A differential equation is a mathematical equation that involves functions and their derivatives. It describes the relationship between a function and its rates of change. For example, in the given exercise, we are dealing with the third-order differential equation \(y^{\prime\prime\prime}+(\sin t)y=0\), which means the rate of change of the rate of change of the rate of change of \(y\) is related to \(y\) itself by the sine of \(t\). Solving these equations often requires finding functions that satisfy the given relationship. Additionally, understanding the behavior of the solutions, such as whether they remain bounded or oscillate over time, is crucial in applications ranging from physics to engineering.
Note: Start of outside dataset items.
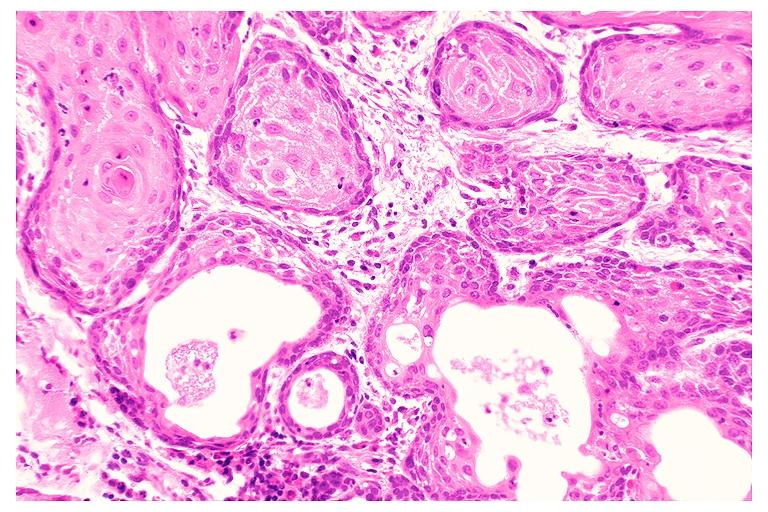does intraductal papillomatosis show necrotizing sialometaplasia?
Answer the question using a single word or phrase. No 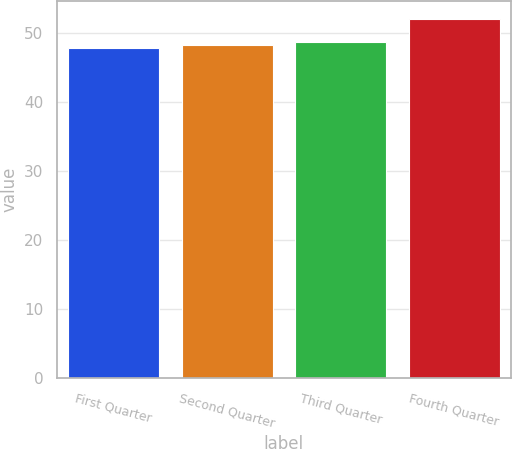<chart> <loc_0><loc_0><loc_500><loc_500><bar_chart><fcel>First Quarter<fcel>Second Quarter<fcel>Third Quarter<fcel>Fourth Quarter<nl><fcel>47.94<fcel>48.36<fcel>48.78<fcel>52.12<nl></chart> 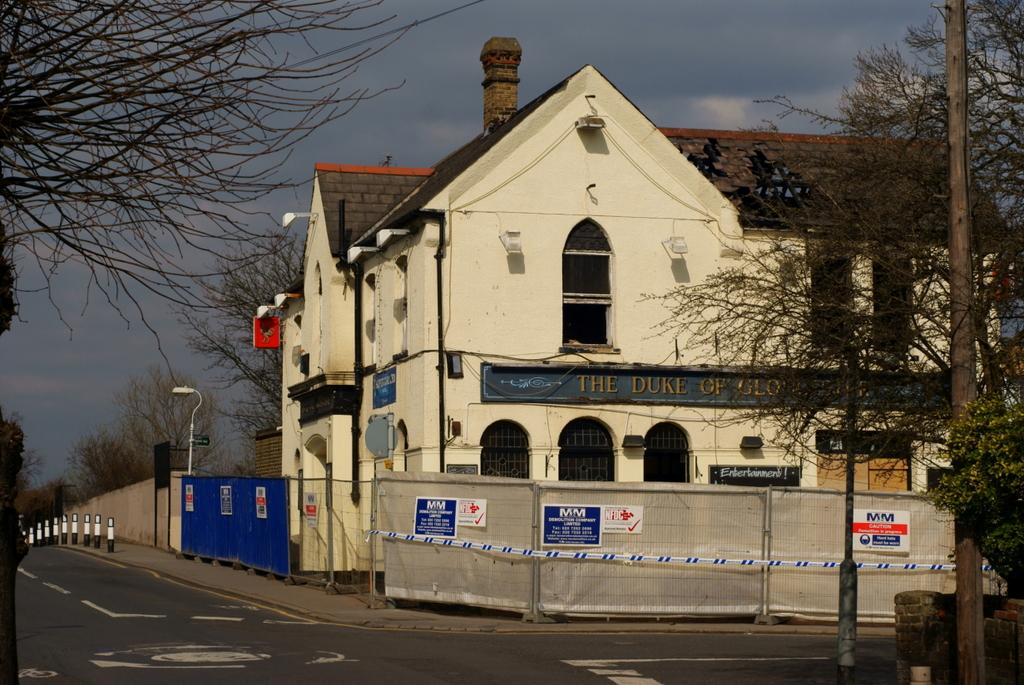What type of structure can be seen in the image? There is a building in the image. What other natural elements are present in the image? There are trees in the image. What man-made objects can be seen in the image? There are poles, lights, boards, and posters on a wall in the image. What is visible in the background of the image? The sky is visible in the background of the image, and clouds are present in the sky. Can you tell me how many bears are sitting on the boards in the image? There are no bears present in the image; it features a building, trees, poles, lights, boards, posters, and a sky with clouds. What type of quartz can be seen in the image? There is no quartz present in the image. Is there a cow grazing in the background of the image? There is no cow present in the image; it features a building, trees, poles, lights, boards, posters, and a sky with clouds.

One common approach to solving such equations is through the method of undetermined coefficients or variation of parameters. The objective is always to find a solution or set of solutions that satisfies the equation under certain constraints or initial conditions, which leads us to our next core concept.

Initial Conditions

Initial conditions specify values of the solution and its derivatives at a certain point, usually at the beginning of the interval of interest. They are essential for finding a particular solution to a differential equation. In our exercise, the initial conditions given for three functions at \(t=0\) allow us to uniquely determine each of the functions. These conditions help us in determining the constants when we have a general solution for a differential equation. Without initial conditions, we could have infinitely many solutions to a differential equation, as we would have a family of curves that satisfy the equation, but with initial conditions, we can pinpoint the exact solution that fits the scenario.

Linear Independence

The concept of linear independence is key to understanding the uniqueness and span of solutions in differential equations. A set of functions is linearly independent if no function in the set can be written as a linear combination of the others. This implies that each function adds a new dimension to the solution space, and there's no redundancy among the solutions provided. The Wronskian determinant, as seen in the exercise, provides a test for linear independence. If the Wronskian of a set of functions is non-zero at any point in the interval, the functions are linearly independent on that interval. The Wronskian is especially useful when dealing with solutions to linear differential equations where we are often interested in finding a set of linearly independent solutions to describe all possible solutions.

Fundamental Set of Solutions

A fundamental set of solutions of a linear differential equation is a set of linearly independent solutions that spans the entire solution space. In other words, any solution to the differential equation can be expressed as a linear combination of functions from this set. The exercise shows that if the Wronskian is non-zero, we have such a fundamental set. Hence, knowing the fundamental set is crucial for describing all possible behaviors of solutions to the differential equation. It’s like having a complete toolkit, where each tool plays a unique role in constructing any solution to the equation. As we conclude that we have a fundamental set of solutions due to a non-zero Wronskian, we are assured that our toolkit is neither missing any tools nor does it have any redundant ones.